I know that I’m late on this train but I finally got around to watching the brand new live-action “Beauty and the Beast.” Like any movie that I watch, I’ve decided to write a review of it because as an avid fan of the original Disney animated movie, I have some thoughts that I want to share. And yes, I’ll also talk about this as well, like it really matters.

So if you have seen the original animated movie, then you have pretty much seen this movie. It’s literally just a copy and paste of the original movie script with some added new songs and scenes to help expand on the movie a little bit longer. They also changed some of the aspects of it because it’s live-actions. The cartoon aspects of it sightly wouldn’t have made sense in a live-action setting.

The story follows Belle, a smart headstrong girl from a little village, as she meets a snobby and stubborn prince that was turn into a hideous beast. The prince must fall learn to love and be loved before the petals of a magical rose fall off, or he will stay as a beast forever. Like the prince, his servants were turned into household items as they serve him. While being held captive by him, Belle begins to bring out the good and warm the Beast cold heart.

The live action movie is actually rather good. The length, while really long, allows it to expand on things that were hardly brought up in the movie itself. Like we actually see what caused the prince to be turned into the beast. It’s still the same opening monologue like in the animated movie, but instead of the stain glass pictures, it’s acted out in front of you. Other scenes like that were spliced in there, along with totally new scenes that just help tell the story more. It’s actually blended well with the original scenes, that you can’t even tell.

All of your favorite numbers from the animated movie are in the remake. They are all done extremely well. Emma Watson, who wasn’t particularly known for being a singer, pulled it off well. “Be Our Guest” and “Beauty and the Beast” were my favorite out of the all of the musical numbers. They really showed how much effort was put into make the film close to the animated one as they possible could.

The downside with this being a remake was the fact that it was literally just a word by word, scene by scene carbon copy of the 1991 animated film. While they shouldn’t fix what isn’t broke, it would have been nice to have there was a difference.

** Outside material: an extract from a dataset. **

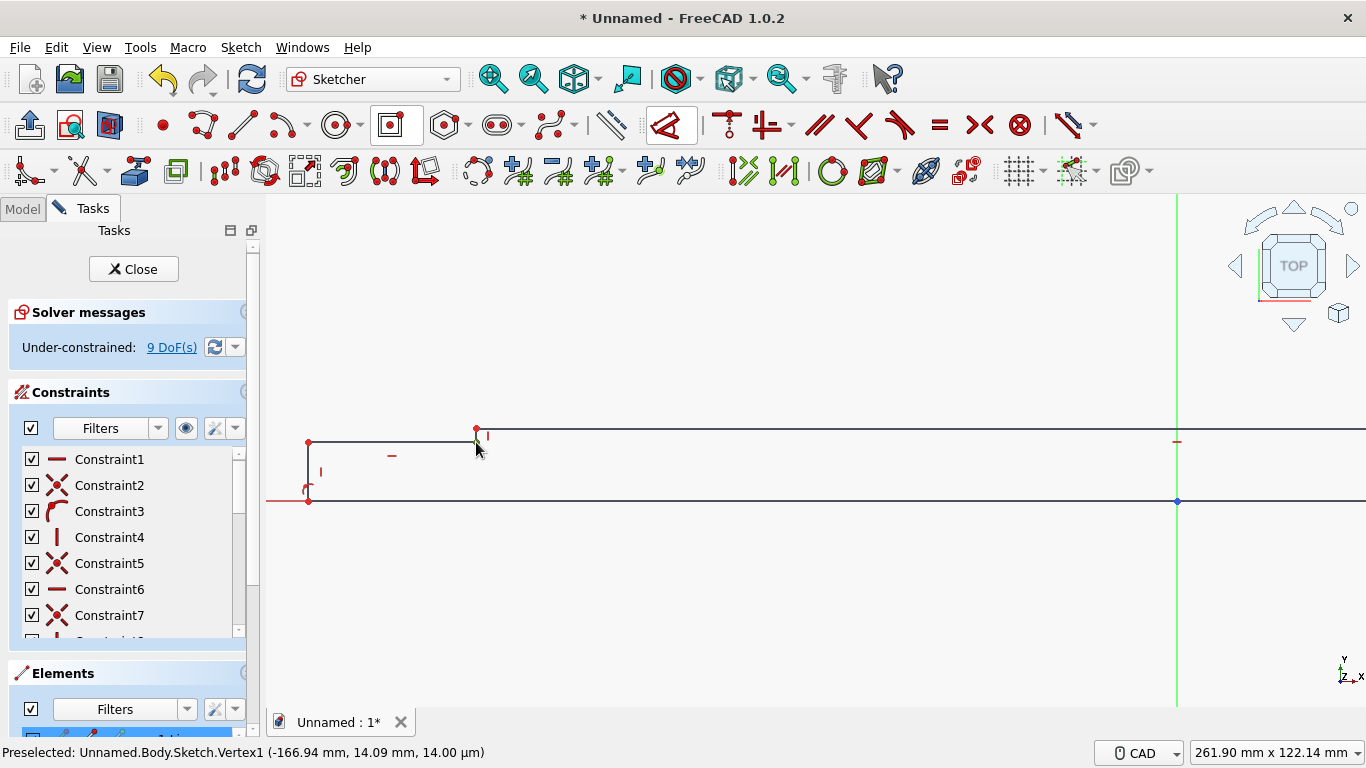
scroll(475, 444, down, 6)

When I was watching, it just felt like I’ve all ready seen this movie. It’s still a good movie, but it’s just extremely predictable because it’s just a carbon copy of the 1991 animated film.

Now let’s spill some tea on the homosexuality in the movie that had thousands of people freaking out instead of the fact that a women falls in love with an animal. Sigh. If you didn’t want this movie “turning your child too gay,” don’t worry-your child has more of chance to date your pet than that. There’s hints of it during the movie but there’s only like four seconds of any LGBTQ+ that is bluntly in your face. There’s no way that a few seconds of two guys waltzing and a guy wearing a dress and working it that will cause your child to become gay. So you can rip up your check for conversion therapy because “Beauty and the Beast” will not force you to start praying the gay away. Spoiler: it wouldn’t have worked anyways.

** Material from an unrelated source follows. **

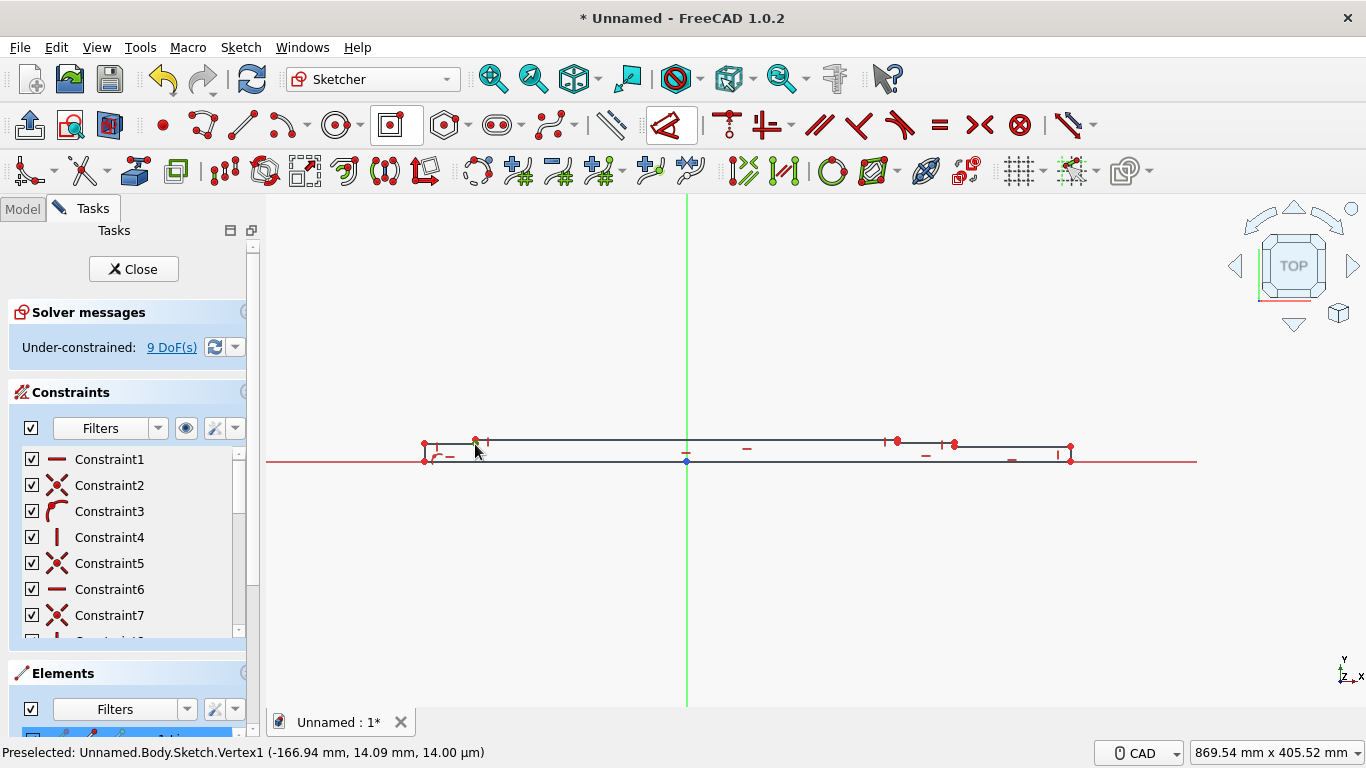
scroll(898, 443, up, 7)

If you are looking a great movie to watch or you love the original movie, then “Beauty and the Beast” is the move for you. Sure, you’ve seen it before when it was animated, but the live-action version adds more to the story that the animated didn’t. It’s literally a carbon copy remake and that is where the films falls. If you seen the original, then you don’t really need to see this one. I do recommend seeing it as it’s a joy.